• _WHAT IS EXPECTED_: The records that follow should be copied out exactly, pictures excluded.

• _EXERCISE INPUT_:

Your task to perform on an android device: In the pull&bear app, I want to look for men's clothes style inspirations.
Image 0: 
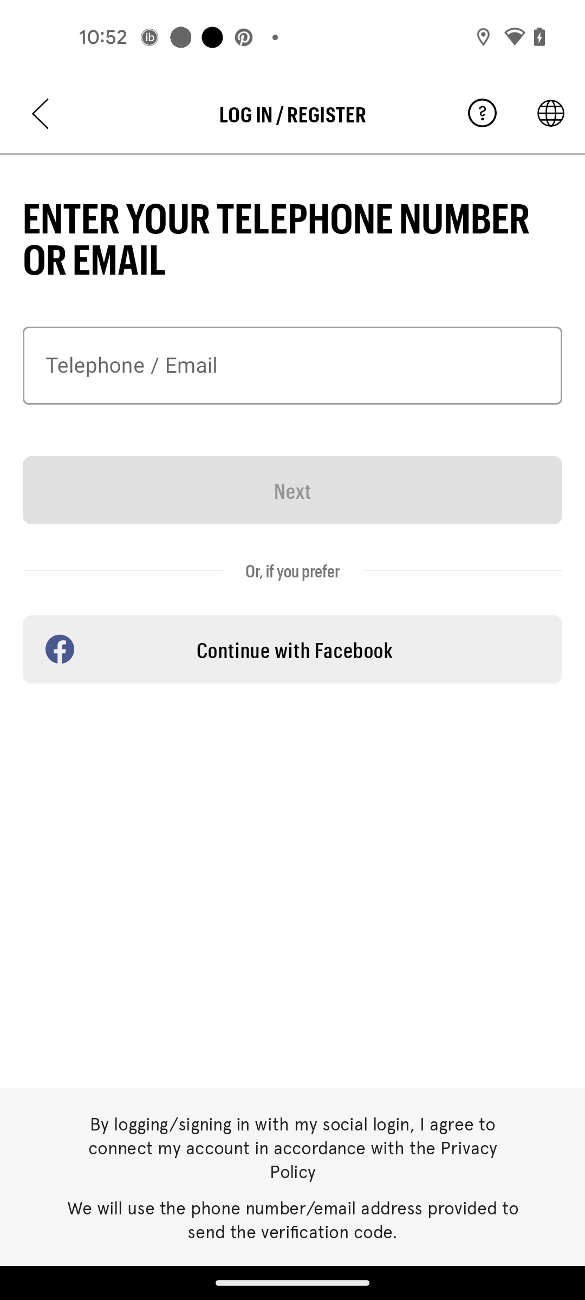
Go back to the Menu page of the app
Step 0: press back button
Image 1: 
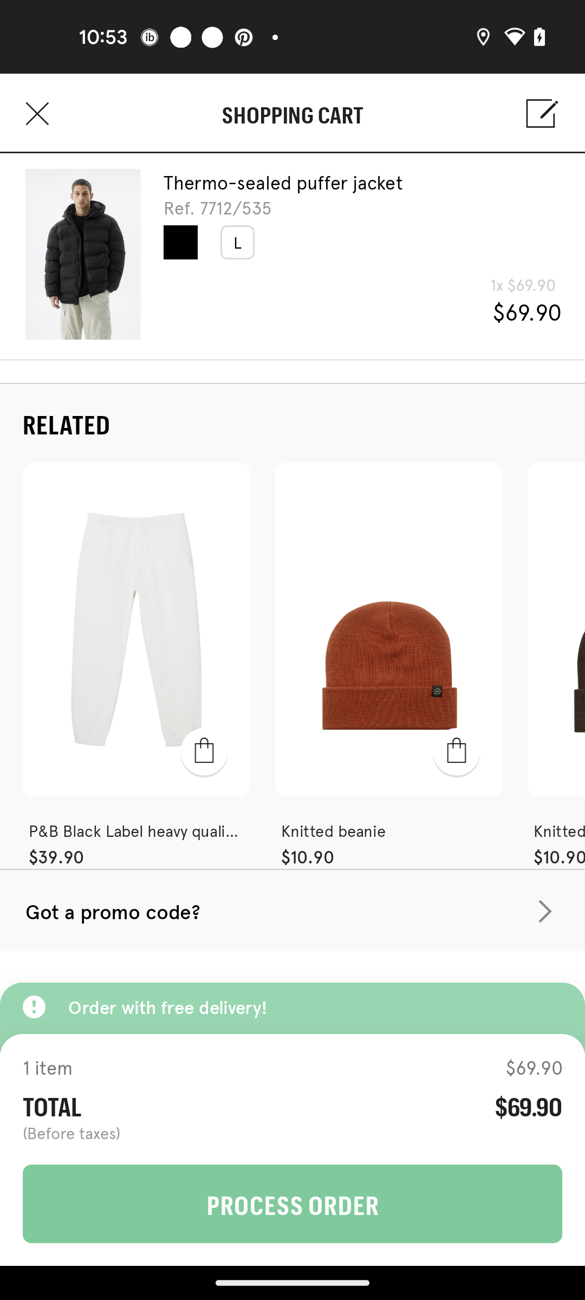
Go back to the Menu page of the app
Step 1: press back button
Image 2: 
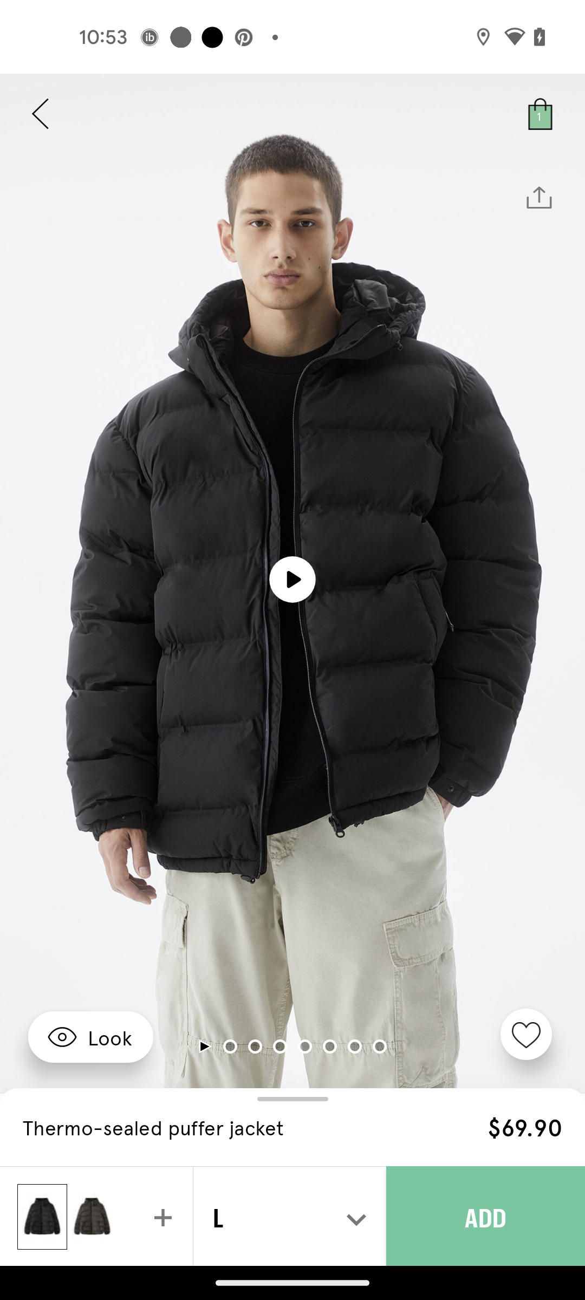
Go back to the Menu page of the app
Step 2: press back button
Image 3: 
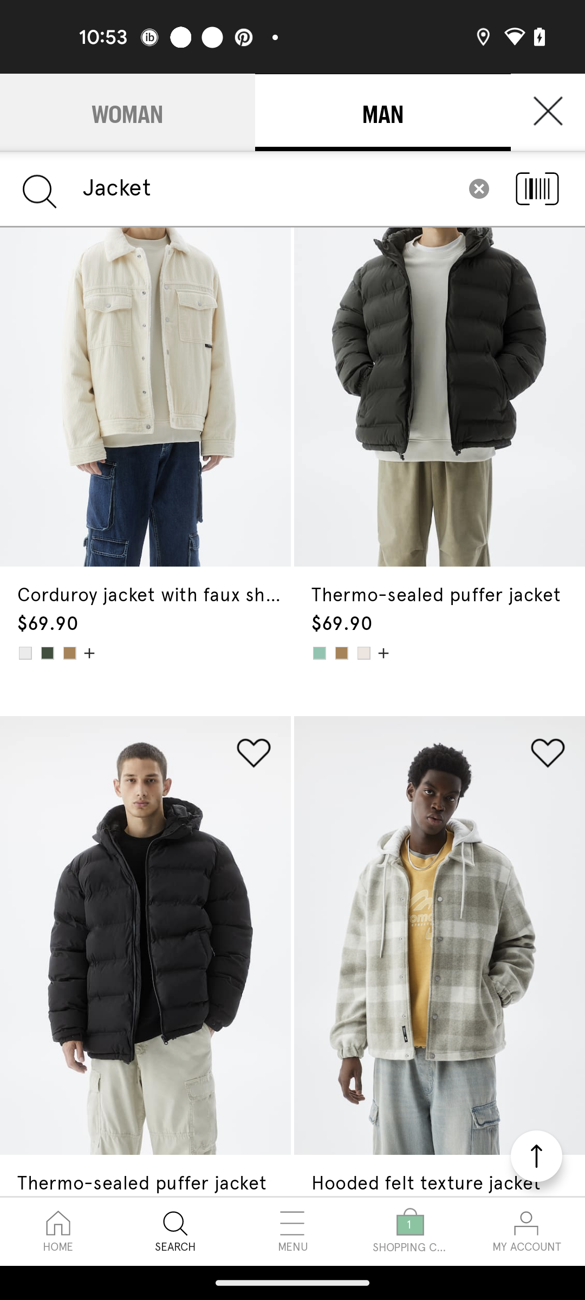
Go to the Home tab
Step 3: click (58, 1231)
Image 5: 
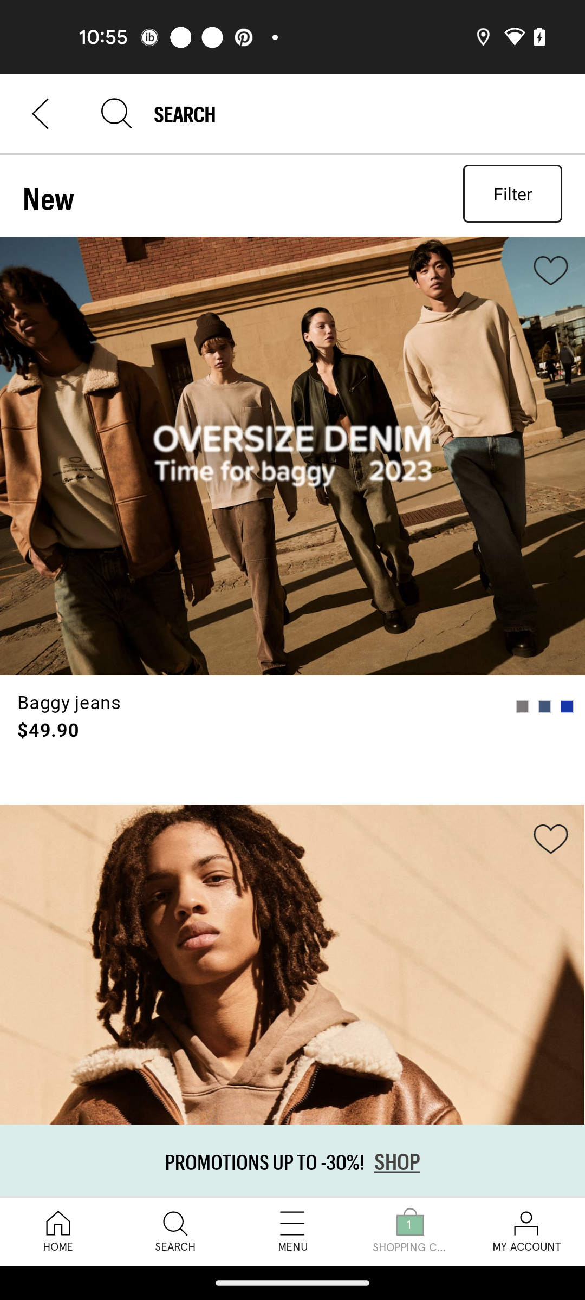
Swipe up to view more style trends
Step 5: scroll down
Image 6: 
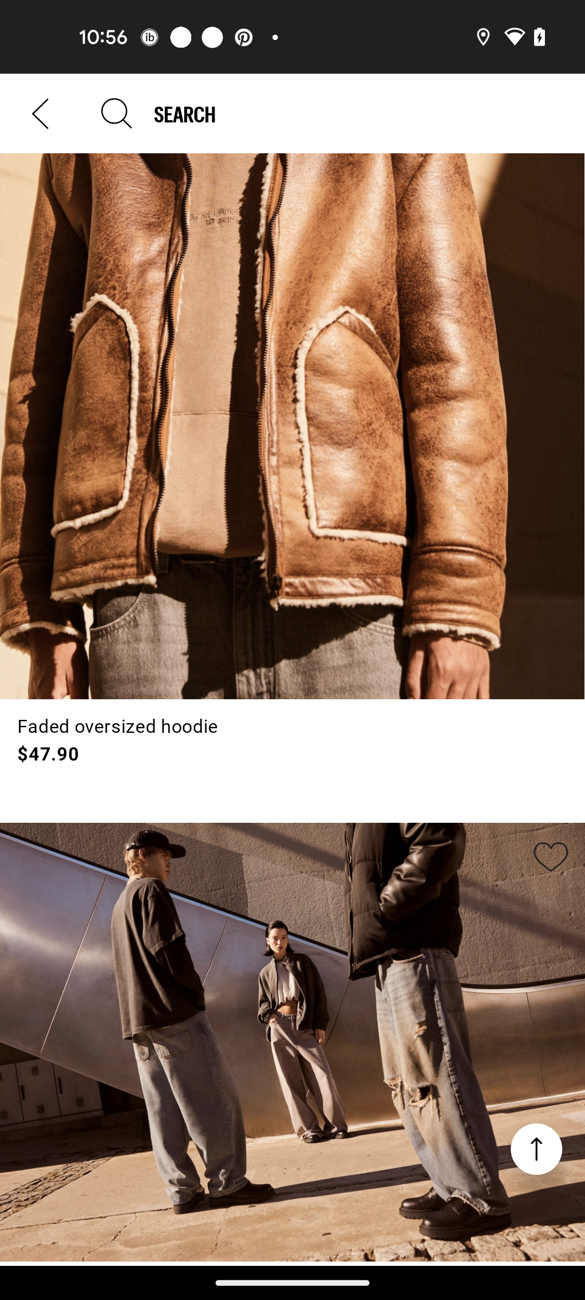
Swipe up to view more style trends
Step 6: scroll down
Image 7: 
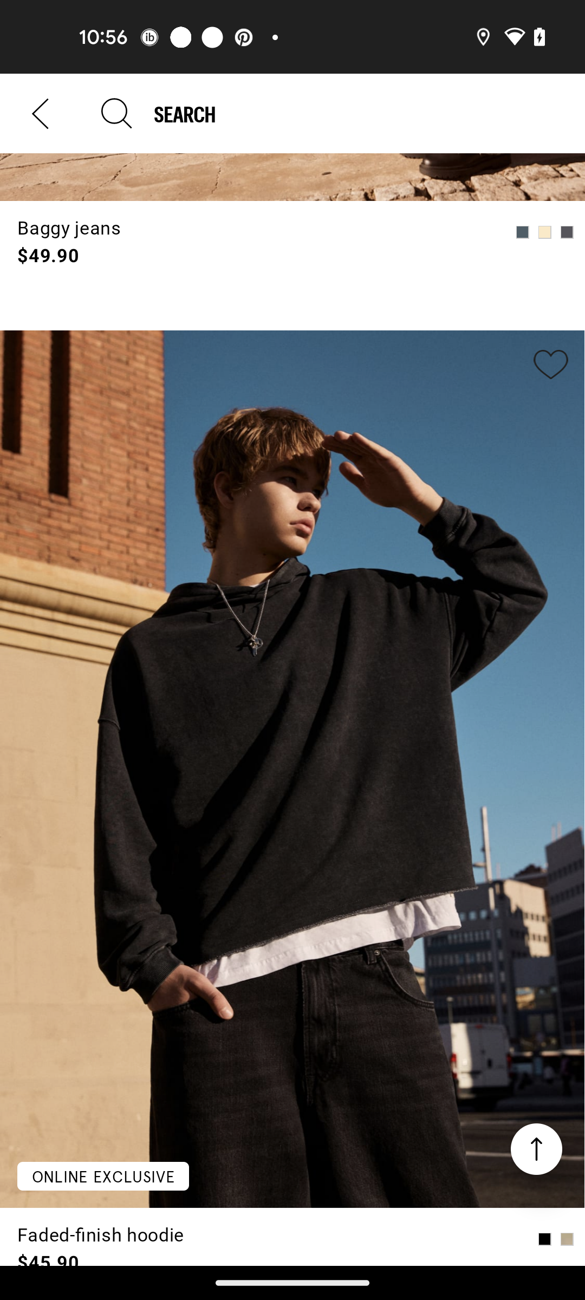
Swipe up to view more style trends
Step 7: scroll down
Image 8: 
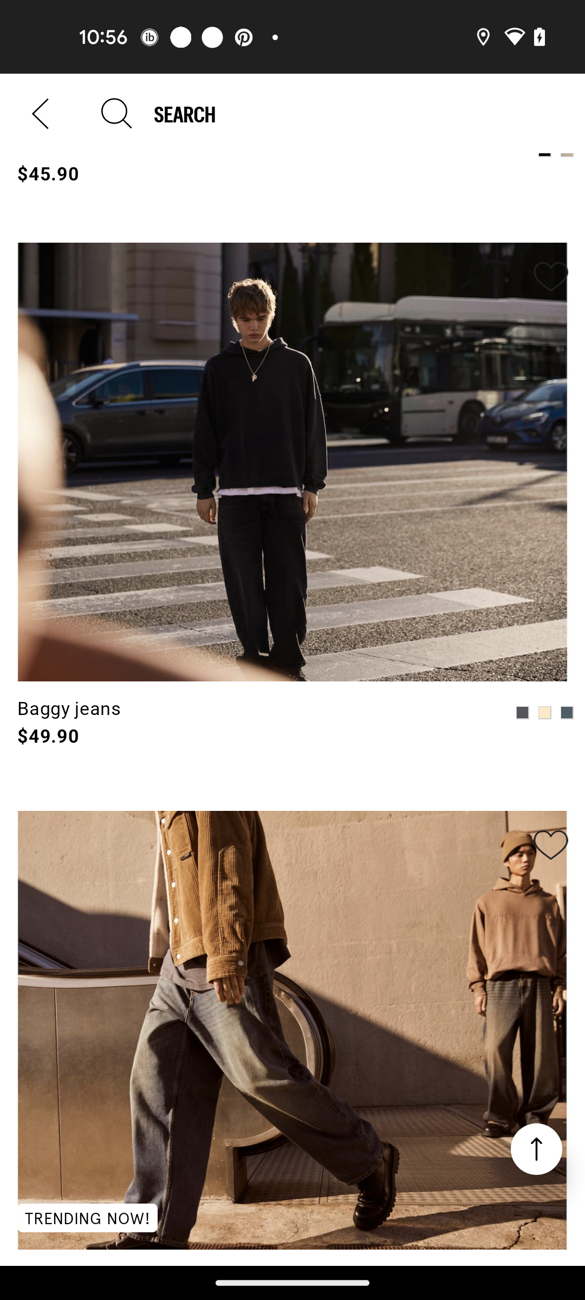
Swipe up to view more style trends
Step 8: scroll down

• _REPLY_:
Your task to perform on an android device: In the pull&bear app, I want to look for men's clothes style inspirations.
Image 0: 
Go back to the Menu page of the app
Step 0: press back button
Image 1: 
Go back to the Menu page of the app
Step 1: press back button
Image 2: 
Go back to the Menu page of the app
Step 2: press back button
Image 3: 
Go to the Home tab
Step 3: click (58, 1231)
Image 5: 
Swipe up to view more style trends
Step 5: scroll down
Image 6: 
Swipe up to view more style trends
Step 6: scroll down
Image 7: 
Swipe up to view more style trends
Step 7: scroll down
Image 8: 
Swipe up to view more style trends
Step 8: scroll down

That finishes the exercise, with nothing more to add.